Schedule (computer science)
In the fields of databases and transaction processing (transaction management), a schedule (or history) of a system is an abstract model to describe execution of transactions running in the system. Often it is a list of operations (actions) ordered by time, performed by a set of transactions that are executed together in the system. If order in time between certain operations is not determined by the system, then a partial order is used. Examples of such operations are requesting a read operation, reading, writing, aborting, committing, requesting lock, locking, etc. Not all transaction operation types should be included in a schedule, and typically only selected operation types (e.g., data access operations) are included, as needed to reason about and describe certain phenomena. Schedules and schedule properties are fundamental concepts in database concurrency control theory.
Formal description
The following is an example of a schedule:
In this example, the horizontal axis represents the different transactions in the schedule D. The vertical axis represents time order of operations. Schedule D consists of three transactions T1, T2, T3. The schedule describes the actions of the transactions as seen by the DBMS. First T1 Reads and Writes to object X, and then Commits. Then T2 Reads and Writes to object Y and Commits, and finally T3 Reads and Writes to object Z and Commits. This is an example of a serial schedule, i.e., sequential with no overlap in time, because the actions of in all three transactions are sequential, and the transactions are not interleaved in time.
Representing the schedule D above by a table (rather than a list) is just for the convenience of identifying each transaction's operations in a glance. This notation is used throughout the article below. A more common way in the technical literature for representing such schedule is by a list:
- D = R1(X) W1(X) Com1 R2(Y) W2(Y) Com2 R3(Z) W3(Z) Com3
Usually, for the purpose of reasoning about concurrency control in databases, an operation is modeled as atomic, occurring at a point in time, without duration. When this is not satisfactory start and end time-points and possibly other point events are specified (rarely). Real executed operations always have some duration and specified respective times of occurrence of events within them (e.g., "exact" times of beginning and completion), but for concurrency control reasoning usually only the precedence in time of the whole operations (without looking into the quite complex details of each operation) matters, i.e., which operation is before, or after another operation.

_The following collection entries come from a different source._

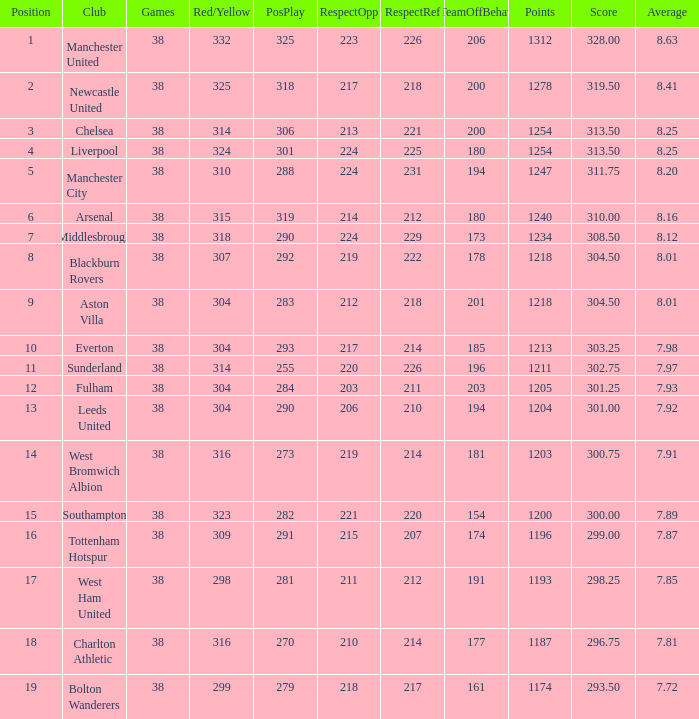Name the most red/yellow cards for positive play being 255 314.0. 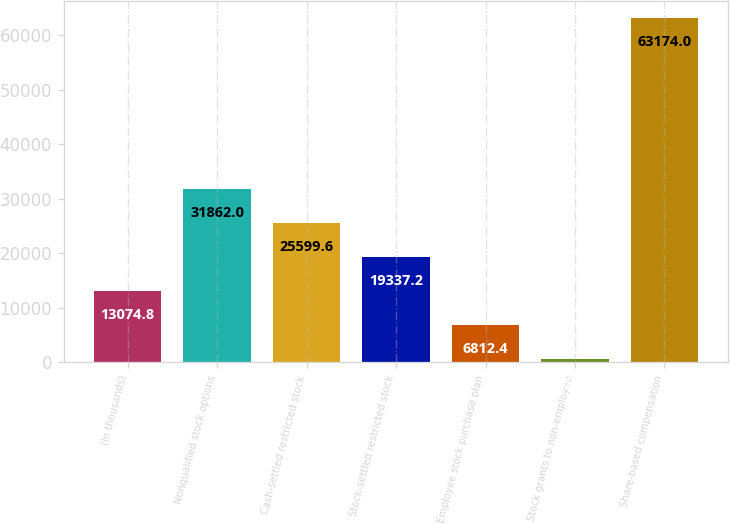Convert chart to OTSL. <chart><loc_0><loc_0><loc_500><loc_500><bar_chart><fcel>(In thousands)<fcel>Nonqualified stock options<fcel>Cash-settled restricted stock<fcel>Stock-settled restricted stock<fcel>Employee stock purchase plan<fcel>Stock grants to non-employee<fcel>Share-based compensation<nl><fcel>13074.8<fcel>31862<fcel>25599.6<fcel>19337.2<fcel>6812.4<fcel>550<fcel>63174<nl></chart> 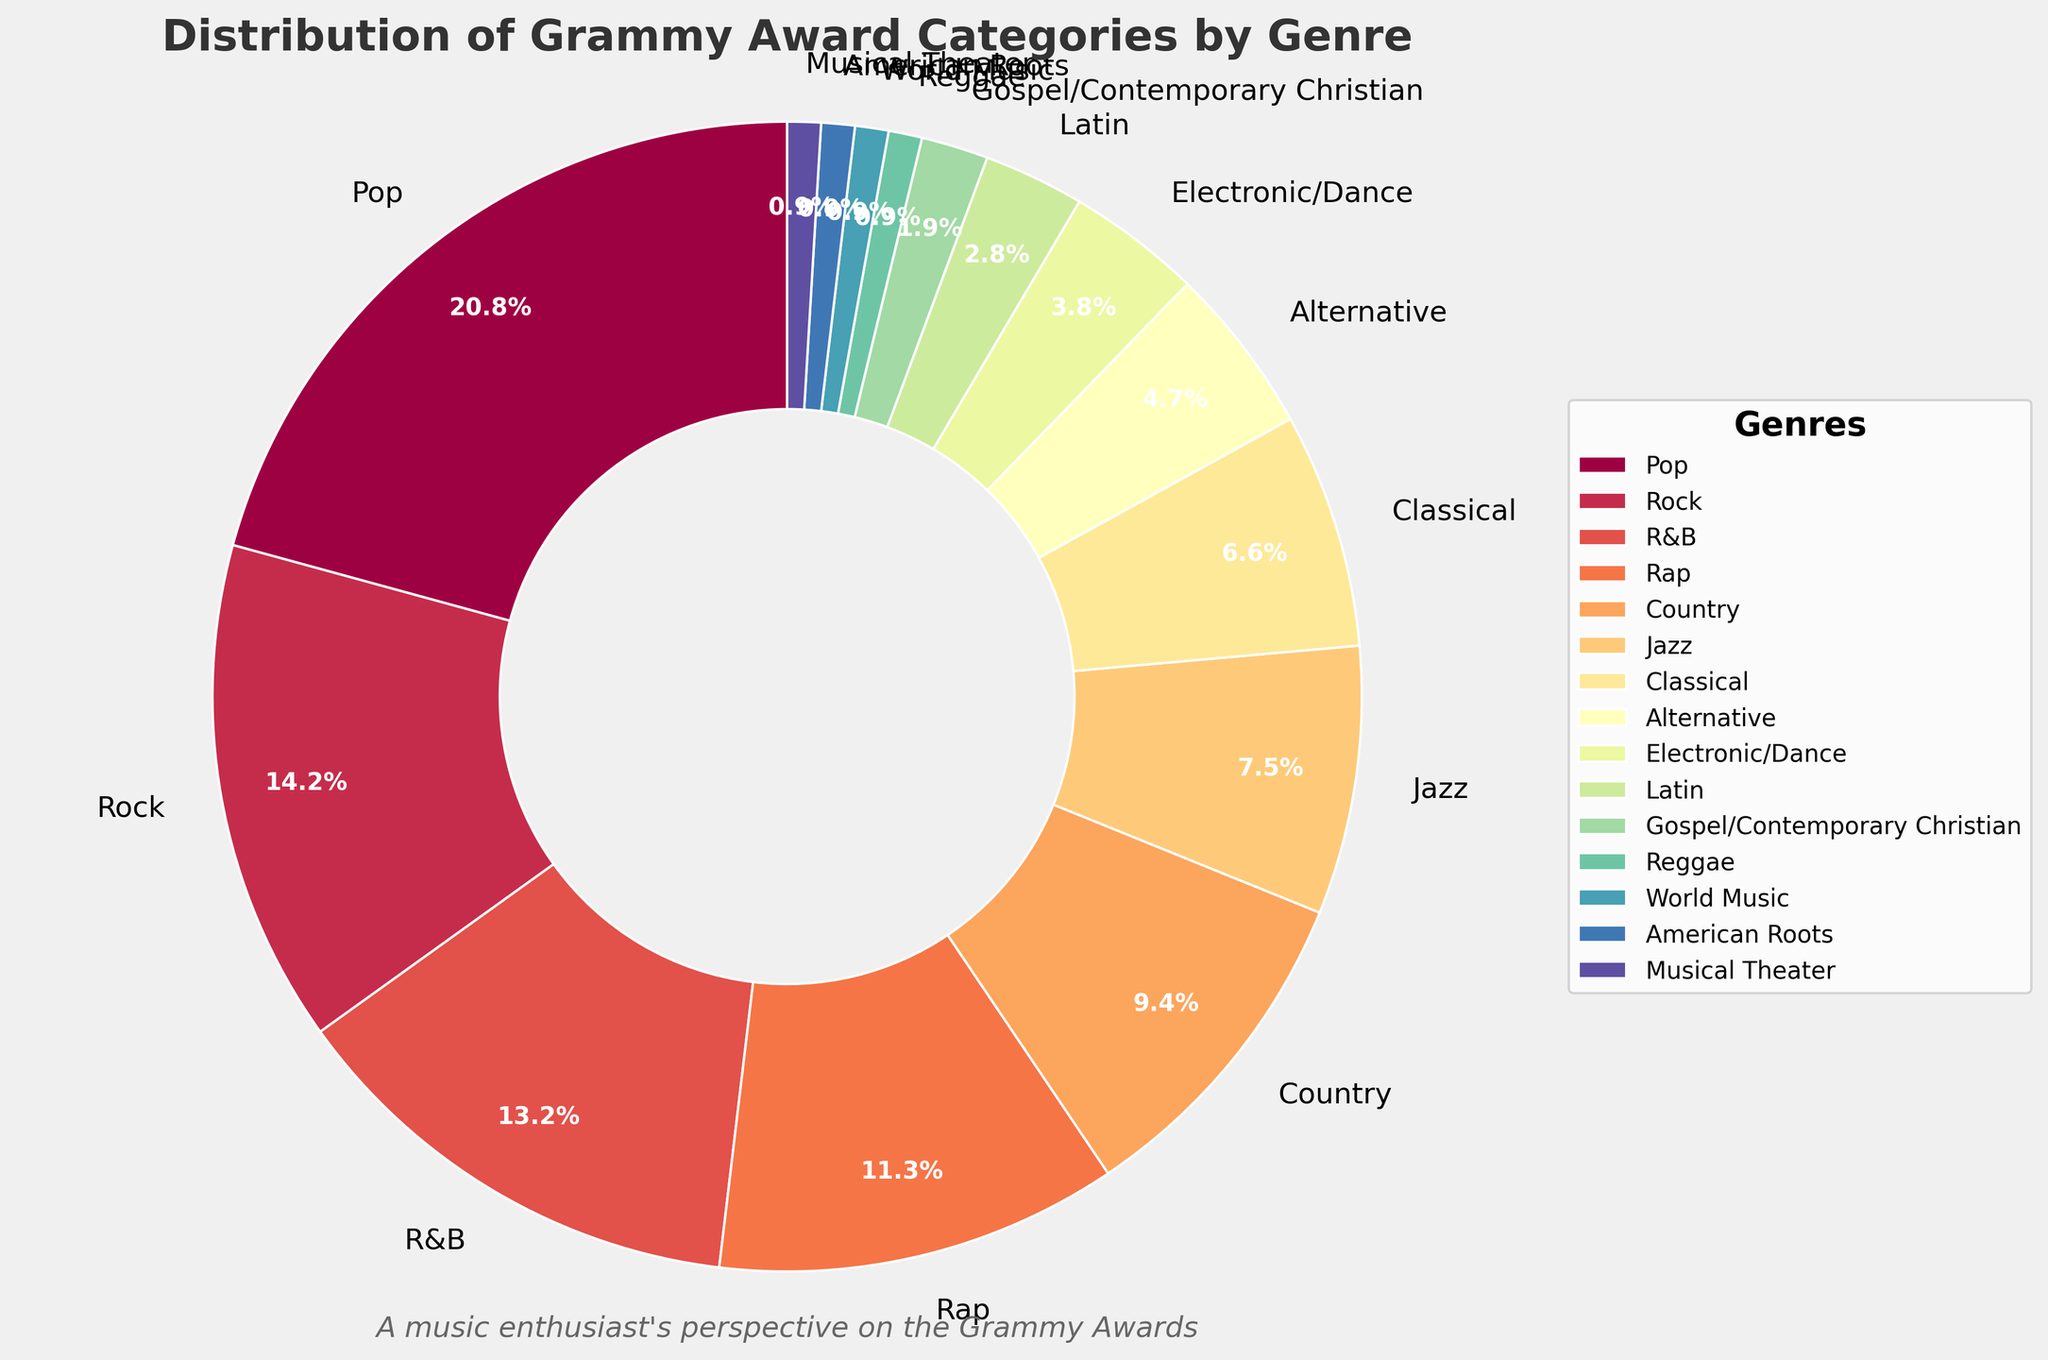Which genre has the highest percentage of Grammy Award categories? Look at the labels and percentages on the pie chart. The genre with the label "Pop" has the highest percentage of 22%.
Answer: Pop What is the total percentage of Grammy Award categories for Rock and R&B combined? Identify the percentages for Rock (15%) and R&B (14%), then sum them up: 15% + 14% = 29%.
Answer: 29% Which genre has twice the percentage of the Electronic/Dance genre? The percentage for Electronic/Dance is 4%. Checking the pie chart, the "R&B" genre has a percentage of 14%, which is close to twice (or a bit more than twice) the Electronic/Dance share.
Answer: R&B Is the percentage of Rap categories greater than Classical and Jazz combined? Rap has 12%, Classical has 7%, and Jazz has 8%. Combining Classical and Jazz gives 7% + 8% = 15%. Since 12% is less than 15%, the percentage of Rap is not greater.
Answer: No What percentage of the Grammy Award categories are made up by the four least represented genres? The least represented genres are Reggae, World Music, American Roots, and Musical Theater, each with 1%. Combine these: 1% + 1% + 1% + 1% = 4%.
Answer: 4% Apart from Pop, which genre has the next highest percentage? Exclude Pop. From the remaining pie chart pieces, the next highest percentages are Rock (15%) and R&B (14%). Rock has the higher percentage.
Answer: Rock How does the percentage of Country categories compare to Classical? Country has a percentage of 10%, and Classical has 7%. Since 10% is greater than 7%, the Country genre has a higher percentage.
Answer: Country is greater Which genre has a percentage closest to the midpoint of 5% and 10%? The midpoint between 5% and 10% is 7.5%. The genre closest to this value is Classical, with a percentage of 7%.
Answer: Classical By how much does the percentage of Pop categories exceed the percentage of Latin categories? The percentage of Pop is 22%, and Latin is 3%. The difference is 22% - 3% = 19%.
Answer: 19%

Furthermore, in many cases the before/after relationships between two specific operations do not matter and should not be specified, while being specified for other pairs of operations.
In general operations of transactions in a schedule can interleave (i.e., transactions can be executed concurrently), while time orders between operations in each transaction remain unchanged as implied by the transaction's program. Since not always time orders between all operations of all transactions matter and need to be specified, a schedule is, in general, a partial order between operations rather than a total order (where order for each pair is determined, as in a list of operations). Also in the general case each transaction may consist of several processes, and itself be properly represented by a partial order of operations, rather than a total order. Thus in general a schedule is a partial order of operations, containing (embedding) the partial orders of all its transactions.
Time-order between two operations can be represented by an ordered pair of these operations (e.g., the existence of a pair (OP1,OP2) means that OP1 is always before OP2), and a schedule in the general case is a set of such ordered pairs. Such a set, a schedule, is a partial order which can be represented by an acyclic directed graph (or directed acyclic graph, DAG) with operations as nodes and time-order as a directed edge (no cycles are allowed since a cycle means that a first (any) operation on a cycle can be both before and after (any) another second operation on the cycle, which contradicts our perception of Time). In many cases a graphical representation of such graph is used to demonstrate a schedule.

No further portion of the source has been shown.